The one thing that would be important imo when introducing a task hierarchy would be an option to enable / disable task breakup (meaning that when disabled, you see the task hierarchies, but when enabled, you see all sub-tasks as (closed) top-level-tasks as well). This is necessary if you add due dates to subtasks and want to sort all tasks by their due dates (which is a pretty common behaviour).

dwiehoff commented 1 month ago

@Korne127 Are you saying that the many sub-levels help you to organize and structure your tasks? Would you have a more extensive example of what this would look like in practice? Maybe there are alternative ways to achieve the same result.

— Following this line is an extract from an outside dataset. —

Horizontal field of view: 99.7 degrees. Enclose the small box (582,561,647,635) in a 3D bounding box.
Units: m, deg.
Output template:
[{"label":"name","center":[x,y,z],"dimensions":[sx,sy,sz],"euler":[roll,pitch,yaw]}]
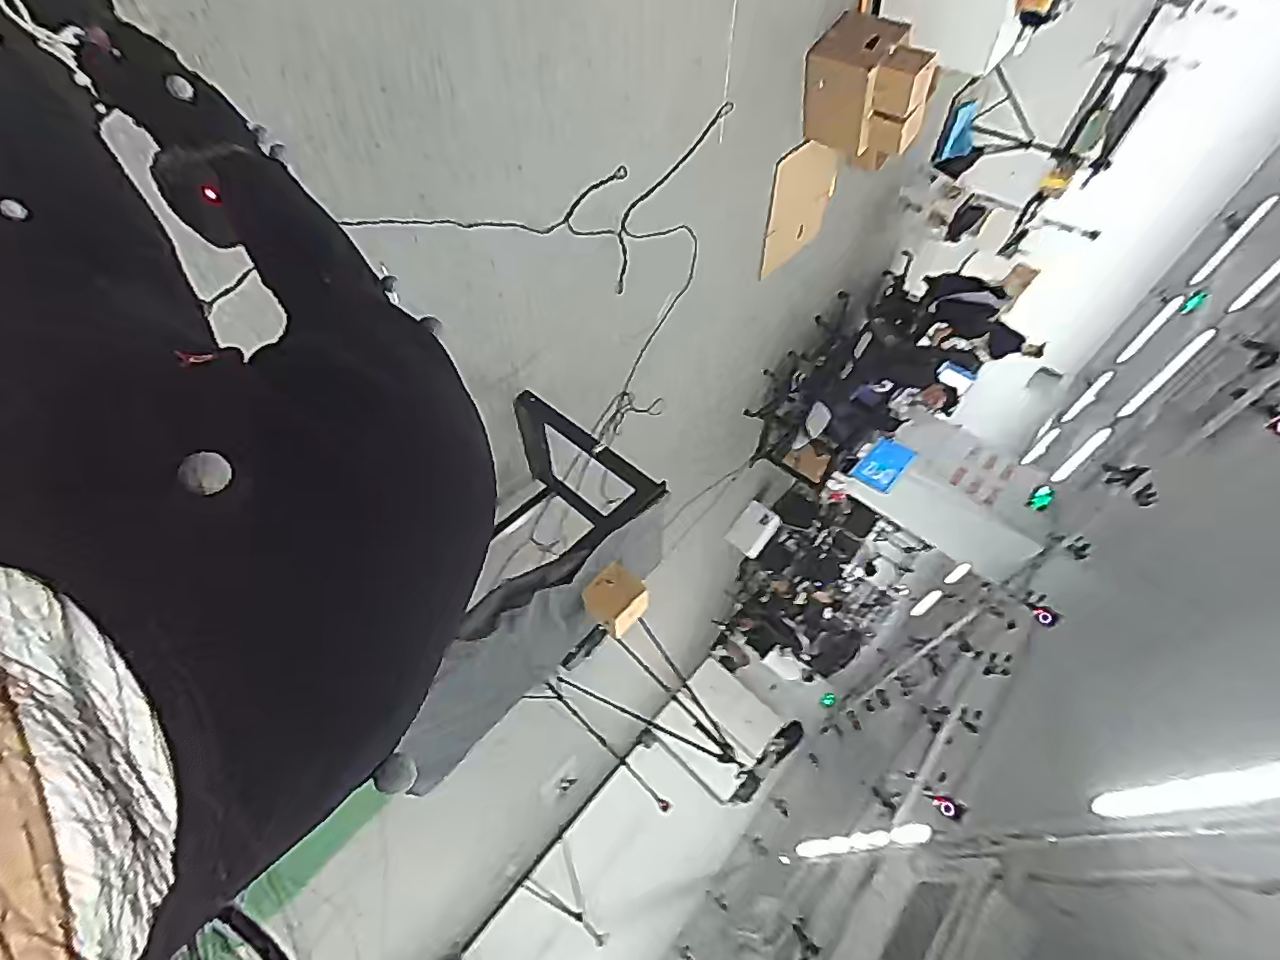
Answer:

BeatLink commented 1 month ago

A lot of productivity tools recommend breaking large projects down into more tangible actions. nested tasks are vital to this. Without nesting, your tasks may have a big picture overview but be vague and unactionable and lacking details. Or your tasks may be specific and actionable but lacking the context of the big picture

Say for example you have a task to tidy your apartment. With a nested structure it would look like this

And each of those 4 levels would have other sibling tasks.

If you only tracked the 4th level detailed tasks, your workday would become chaotic and disorganized, jumping from specific task to specific task while not having a clear picture in mind as to what each task is leading up to and when a project can be actually considered done.

If you only tracked the top level tasks, your workday would still be chaotic. You would know what to do in the large scheme of things but not the specific actions to get to those goals. And even if you did know the specific actions, you would have to think and decide what those actions are every time you start and stop working on that project.